Render every line of the data exactly as written, and leave out the pictures.

⟨

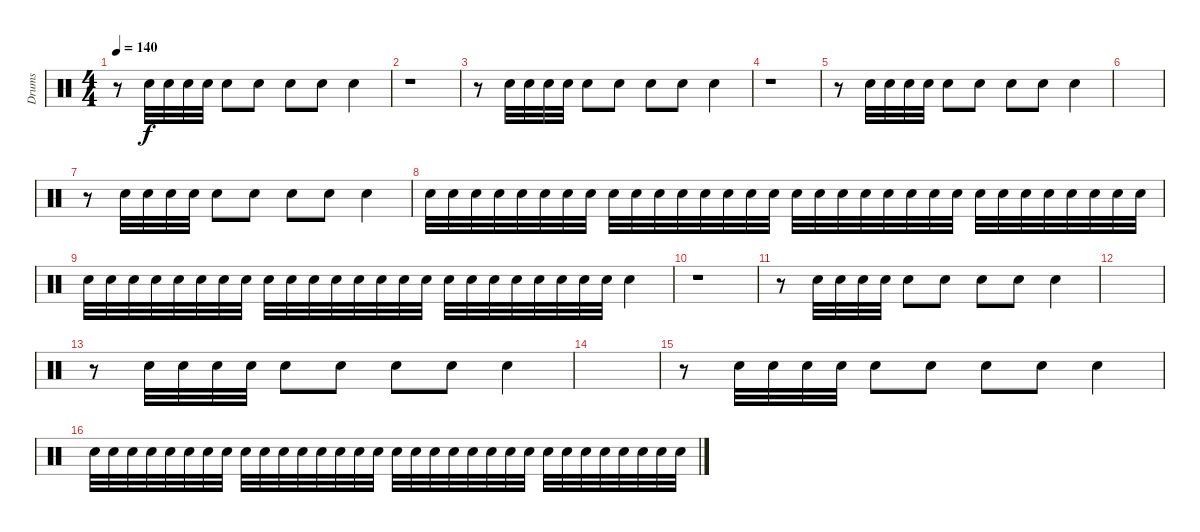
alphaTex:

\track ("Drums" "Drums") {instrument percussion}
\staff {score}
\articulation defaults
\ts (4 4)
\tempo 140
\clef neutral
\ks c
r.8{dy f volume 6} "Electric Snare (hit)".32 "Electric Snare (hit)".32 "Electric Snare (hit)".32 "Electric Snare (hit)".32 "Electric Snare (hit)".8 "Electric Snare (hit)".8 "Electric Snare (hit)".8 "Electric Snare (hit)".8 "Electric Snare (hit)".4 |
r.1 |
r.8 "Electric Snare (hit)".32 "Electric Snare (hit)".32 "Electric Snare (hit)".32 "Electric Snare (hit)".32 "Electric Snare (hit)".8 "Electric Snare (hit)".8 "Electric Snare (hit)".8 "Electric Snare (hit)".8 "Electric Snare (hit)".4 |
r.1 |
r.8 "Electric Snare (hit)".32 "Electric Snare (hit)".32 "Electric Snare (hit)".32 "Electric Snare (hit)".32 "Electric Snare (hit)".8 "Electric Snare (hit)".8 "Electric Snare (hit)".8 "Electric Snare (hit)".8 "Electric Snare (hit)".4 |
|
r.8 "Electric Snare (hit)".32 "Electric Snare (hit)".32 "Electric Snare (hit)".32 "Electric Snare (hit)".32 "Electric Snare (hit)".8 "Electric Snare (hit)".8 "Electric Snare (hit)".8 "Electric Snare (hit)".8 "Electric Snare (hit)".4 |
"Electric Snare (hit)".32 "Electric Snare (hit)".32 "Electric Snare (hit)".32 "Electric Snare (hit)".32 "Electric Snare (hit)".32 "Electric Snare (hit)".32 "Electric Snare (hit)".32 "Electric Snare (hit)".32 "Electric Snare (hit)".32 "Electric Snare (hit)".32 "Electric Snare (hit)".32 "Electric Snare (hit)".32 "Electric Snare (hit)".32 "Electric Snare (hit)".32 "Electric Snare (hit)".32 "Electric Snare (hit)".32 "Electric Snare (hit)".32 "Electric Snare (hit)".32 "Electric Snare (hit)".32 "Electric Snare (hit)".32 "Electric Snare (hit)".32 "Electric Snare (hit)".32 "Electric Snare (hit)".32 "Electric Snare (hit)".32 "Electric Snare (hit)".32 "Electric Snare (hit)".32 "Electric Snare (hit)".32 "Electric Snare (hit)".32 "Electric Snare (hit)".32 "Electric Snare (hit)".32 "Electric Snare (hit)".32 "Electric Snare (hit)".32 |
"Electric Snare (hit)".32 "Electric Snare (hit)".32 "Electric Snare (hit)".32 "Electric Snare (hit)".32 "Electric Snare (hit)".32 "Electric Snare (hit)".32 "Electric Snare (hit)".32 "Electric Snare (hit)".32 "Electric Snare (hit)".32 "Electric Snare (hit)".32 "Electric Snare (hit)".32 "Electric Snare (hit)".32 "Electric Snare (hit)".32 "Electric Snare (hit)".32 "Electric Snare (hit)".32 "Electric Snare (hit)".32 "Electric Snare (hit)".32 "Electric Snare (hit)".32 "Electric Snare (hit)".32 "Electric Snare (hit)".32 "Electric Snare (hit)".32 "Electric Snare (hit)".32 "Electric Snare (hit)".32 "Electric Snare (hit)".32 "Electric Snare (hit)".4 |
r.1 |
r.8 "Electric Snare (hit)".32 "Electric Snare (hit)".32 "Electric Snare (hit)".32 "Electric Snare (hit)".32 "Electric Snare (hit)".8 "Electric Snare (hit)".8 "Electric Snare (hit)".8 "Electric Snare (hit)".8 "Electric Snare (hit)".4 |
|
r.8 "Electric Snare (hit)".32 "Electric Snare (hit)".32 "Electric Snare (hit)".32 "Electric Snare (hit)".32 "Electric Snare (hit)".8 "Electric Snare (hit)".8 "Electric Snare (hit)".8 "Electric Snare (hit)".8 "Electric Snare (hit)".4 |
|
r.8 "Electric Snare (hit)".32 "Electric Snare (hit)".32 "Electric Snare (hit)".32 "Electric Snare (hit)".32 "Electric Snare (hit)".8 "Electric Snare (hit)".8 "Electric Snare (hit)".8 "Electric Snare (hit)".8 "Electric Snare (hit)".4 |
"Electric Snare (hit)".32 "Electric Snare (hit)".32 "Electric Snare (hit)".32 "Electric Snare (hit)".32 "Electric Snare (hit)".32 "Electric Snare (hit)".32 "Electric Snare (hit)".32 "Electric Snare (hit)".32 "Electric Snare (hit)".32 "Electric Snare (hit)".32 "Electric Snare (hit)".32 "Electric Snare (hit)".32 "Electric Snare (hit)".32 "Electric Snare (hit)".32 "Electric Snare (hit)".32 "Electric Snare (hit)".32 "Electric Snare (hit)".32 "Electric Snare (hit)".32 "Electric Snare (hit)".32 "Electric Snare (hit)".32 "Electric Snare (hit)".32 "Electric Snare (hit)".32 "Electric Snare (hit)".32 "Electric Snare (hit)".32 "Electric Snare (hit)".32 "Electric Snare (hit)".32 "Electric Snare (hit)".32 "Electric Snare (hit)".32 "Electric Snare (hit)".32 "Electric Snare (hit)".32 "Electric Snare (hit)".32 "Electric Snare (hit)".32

⟩

→ RESULT OF THE EXERCISE
alphaTex:

\track ("Drums" "Drums") {instrument percussion}
\staff {score}
\articulation defaults
\ts (4 4)
\tempo 140
\clef neutral
\ks c
r.8{dy f volume 6} "Electric Snare (hit)".32 "Electric Snare (hit)".32 "Electric Snare (hit)".32 "Electric Snare (hit)".32 "Electric Snare (hit)".8 "Electric Snare (hit)".8 "Electric Snare (hit)".8 "Electric Snare (hit)".8 "Electric Snare (hit)".4 |
r.1 |
r.8 "Electric Snare (hit)".32 "Electric Snare (hit)".32 "Electric Snare (hit)".32 "Electric Snare (hit)".32 "Electric Snare (hit)".8 "Electric Snare (hit)".8 "Electric Snare (hit)".8 "Electric Snare (hit)".8 "Electric Snare (hit)".4 |
r.1 |
r.8 "Electric Snare (hit)".32 "Electric Snare (hit)".32 "Electric Snare (hit)".32 "Electric Snare (hit)".32 "Electric Snare (hit)".8 "Electric Snare (hit)".8 "Electric Snare (hit)".8 "Electric Snare (hit)".8 "Electric Snare (hit)".4 |
|
r.8 "Electric Snare (hit)".32 "Electric Snare (hit)".32 "Electric Snare (hit)".32 "Electric Snare (hit)".32 "Electric Snare (hit)".8 "Electric Snare (hit)".8 "Electric Snare (hit)".8 "Electric Snare (hit)".8 "Electric Snare (hit)".4 |
"Electric Snare (hit)".32 "Electric Snare (hit)".32 "Electric Snare (hit)".32 "Electric Snare (hit)".32 "Electric Snare (hit)".32 "Electric Snare (hit)".32 "Electric Snare (hit)".32 "Electric Snare (hit)".32 "Electric Snare (hit)".32 "Electric Snare (hit)".32 "Electric Snare (hit)".32 "Electric Snare (hit)".32 "Electric Snare (hit)".32 "Electric Snare (hit)".32 "Electric Snare (hit)".32 "Electric Snare (hit)".32 "Electric Snare (hit)".32 "Electric Snare (hit)".32 "Electric Snare (hit)".32 "Electric Snare (hit)".32 "Electric Snare (hit)".32 "Electric Snare (hit)".32 "Electric Snare (hit)".32 "Electric Snare (hit)".32 "Electric Snare (hit)".32 "Electric Snare (hit)".32 "Electric Snare (hit)".32 "Electric Snare (hit)".32 "Electric Snare (hit)".32 "Electric Snare (hit)".32 "Electric Snare (hit)".32 "Electric Snare (hit)".32 |
"Electric Snare (hit)".32 "Electric Snare (hit)".32 "Electric Snare (hit)".32 "Electric Snare (hit)".32 "Electric Snare (hit)".32 "Electric Snare (hit)".32 "Electric Snare (hit)".32 "Electric Snare (hit)".32 "Electric Snare (hit)".32 "Electric Snare (hit)".32 "Electric Snare (hit)".32 "Electric Snare (hit)".32 "Electric Snare (hit)".32 "Electric Snare (hit)".32 "Electric Snare (hit)".32 "Electric Snare (hit)".32 "Electric Snare (hit)".32 "Electric Snare (hit)".32 "Electric Snare (hit)".32 "Electric Snare (hit)".32 "Electric Snare (hit)".32 "Electric Snare (hit)".32 "Electric Snare (hit)".32 "Electric Snare (hit)".32 "Electric Snare (hit)".4 |
r.1 |
r.8 "Electric Snare (hit)".32 "Electric Snare (hit)".32 "Electric Snare (hit)".32 "Electric Snare (hit)".32 "Electric Snare (hit)".8 "Electric Snare (hit)".8 "Electric Snare (hit)".8 "Electric Snare (hit)".8 "Electric Snare (hit)".4 |
|
r.8 "Electric Snare (hit)".32 "Electric Snare (hit)".32 "Electric Snare (hit)".32 "Electric Snare (hit)".32 "Electric Snare (hit)".8 "Electric Snare (hit)".8 "Electric Snare (hit)".8 "Electric Snare (hit)".8 "Electric Snare (hit)".4 |
|
r.8 "Electric Snare (hit)".32 "Electric Snare (hit)".32 "Electric Snare (hit)".32 "Electric Snare (hit)".32 "Electric Snare (hit)".8 "Electric Snare (hit)".8 "Electric Snare (hit)".8 "Electric Snare (hit)".8 "Electric Snare (hit)".4 |
"Electric Snare (hit)".32 "Electric Snare (hit)".32 "Electric Snare (hit)".32 "Electric Snare (hit)".32 "Electric Snare (hit)".32 "Electric Snare (hit)".32 "Electric Snare (hit)".32 "Electric Snare (hit)".32 "Electric Snare (hit)".32 "Electric Snare (hit)".32 "Electric Snare (hit)".32 "Electric Snare (hit)".32 "Electric Snare (hit)".32 "Electric Snare (hit)".32 "Electric Snare (hit)".32 "Electric Snare (hit)".32 "Electric Snare (hit)".32 "Electric Snare (hit)".32 "Electric Snare (hit)".32 "Electric Snare (hit)".32 "Electric Snare (hit)".32 "Electric Snare (hit)".32 "Electric Snare (hit)".32 "Electric Snare (hit)".32 "Electric Snare (hit)".32 "Electric Snare (hit)".32 "Electric Snare (hit)".32 "Electric Snare (hit)".32 "Electric Snare (hit)".32 "Electric Snare (hit)".32 "Electric Snare (hit)".32 "Electric Snare (hit)".32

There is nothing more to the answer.